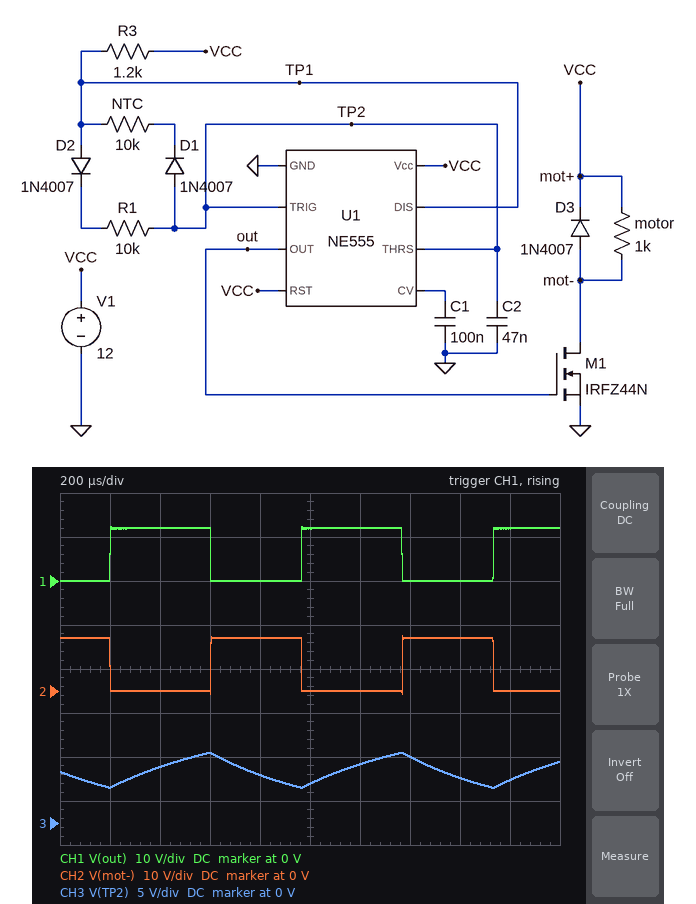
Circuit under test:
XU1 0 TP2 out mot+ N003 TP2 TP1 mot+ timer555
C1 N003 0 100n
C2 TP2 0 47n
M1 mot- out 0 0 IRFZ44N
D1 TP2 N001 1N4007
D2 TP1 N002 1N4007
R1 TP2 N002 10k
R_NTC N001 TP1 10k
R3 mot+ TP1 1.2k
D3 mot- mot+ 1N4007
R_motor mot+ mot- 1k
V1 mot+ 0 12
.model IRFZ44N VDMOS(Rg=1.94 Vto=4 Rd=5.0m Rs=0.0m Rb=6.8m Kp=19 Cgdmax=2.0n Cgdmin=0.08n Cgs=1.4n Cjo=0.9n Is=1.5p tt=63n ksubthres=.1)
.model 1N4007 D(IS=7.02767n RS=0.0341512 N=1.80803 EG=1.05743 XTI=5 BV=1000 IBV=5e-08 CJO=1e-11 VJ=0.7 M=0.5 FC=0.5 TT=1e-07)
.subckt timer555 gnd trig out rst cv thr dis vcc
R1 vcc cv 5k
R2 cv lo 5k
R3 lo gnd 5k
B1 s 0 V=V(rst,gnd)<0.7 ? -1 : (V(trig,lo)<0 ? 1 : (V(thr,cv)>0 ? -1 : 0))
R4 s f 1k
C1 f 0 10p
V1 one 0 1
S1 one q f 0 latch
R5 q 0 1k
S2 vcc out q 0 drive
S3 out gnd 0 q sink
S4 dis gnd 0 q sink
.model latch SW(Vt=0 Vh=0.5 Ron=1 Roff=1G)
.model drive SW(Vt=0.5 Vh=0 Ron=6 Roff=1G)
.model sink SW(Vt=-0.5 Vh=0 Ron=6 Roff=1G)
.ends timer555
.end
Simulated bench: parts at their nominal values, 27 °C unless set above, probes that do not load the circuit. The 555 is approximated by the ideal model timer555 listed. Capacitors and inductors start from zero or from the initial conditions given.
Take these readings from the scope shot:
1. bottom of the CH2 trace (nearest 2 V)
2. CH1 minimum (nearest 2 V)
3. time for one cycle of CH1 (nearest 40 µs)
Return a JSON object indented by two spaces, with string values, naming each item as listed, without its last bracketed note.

{
  "bottom of the CH2 trace": "0 V",
  "CH1 minimum": "0 V",
  "time for one cycle of CH1": "760 µs"
}
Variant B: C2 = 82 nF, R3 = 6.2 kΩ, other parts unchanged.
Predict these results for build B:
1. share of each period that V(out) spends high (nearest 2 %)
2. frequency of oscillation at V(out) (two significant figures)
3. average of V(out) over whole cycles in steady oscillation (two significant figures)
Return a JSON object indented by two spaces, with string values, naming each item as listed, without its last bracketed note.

{
  "share of each period that V(out) spends high": "62 %",
  "frequency of oscillation at V(out)": "610 Hz",
  "average of V(out) over whole cycles in steady oscillation": "7.4 V"
}
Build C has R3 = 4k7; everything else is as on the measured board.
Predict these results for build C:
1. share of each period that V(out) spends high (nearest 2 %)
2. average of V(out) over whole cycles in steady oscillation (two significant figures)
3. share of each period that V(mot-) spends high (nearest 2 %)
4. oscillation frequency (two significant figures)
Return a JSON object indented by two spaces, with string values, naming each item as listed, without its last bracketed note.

{
  "share of each period that V(out) spends high": "60 %",
  "average of V(out) over whole cycles in steady oscillation": "7.1 V",
  "share of each period that V(mot-) spends high": "40 %",
  "oscillation frequency": "1.1 kHz"
}
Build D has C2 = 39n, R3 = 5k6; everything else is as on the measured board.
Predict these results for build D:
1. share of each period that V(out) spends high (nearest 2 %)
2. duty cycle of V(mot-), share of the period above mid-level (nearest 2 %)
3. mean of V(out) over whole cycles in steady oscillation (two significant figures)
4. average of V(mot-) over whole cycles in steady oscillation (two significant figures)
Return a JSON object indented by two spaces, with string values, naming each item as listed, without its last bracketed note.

{
  "share of each period that V(out) spends high": "60 %",
  "duty cycle of V(mot-), share of the period above mid-level": "40 %",
  "mean of V(out) over whole cycles in steady oscillation": "7.3 V",
  "average of V(mot-) over whole cycles in steady oscillation": "4.7 V"
}

════════════════

Exercise prompt
For each line in the material above that contains the string "sink", make a copy.

Result of this exercise
S3 out gnd 0 q sink
S4 dis gnd 0 q sink
.model sink SW(Vt=-0.5 Vh=0 Ron=6 Roff=1G)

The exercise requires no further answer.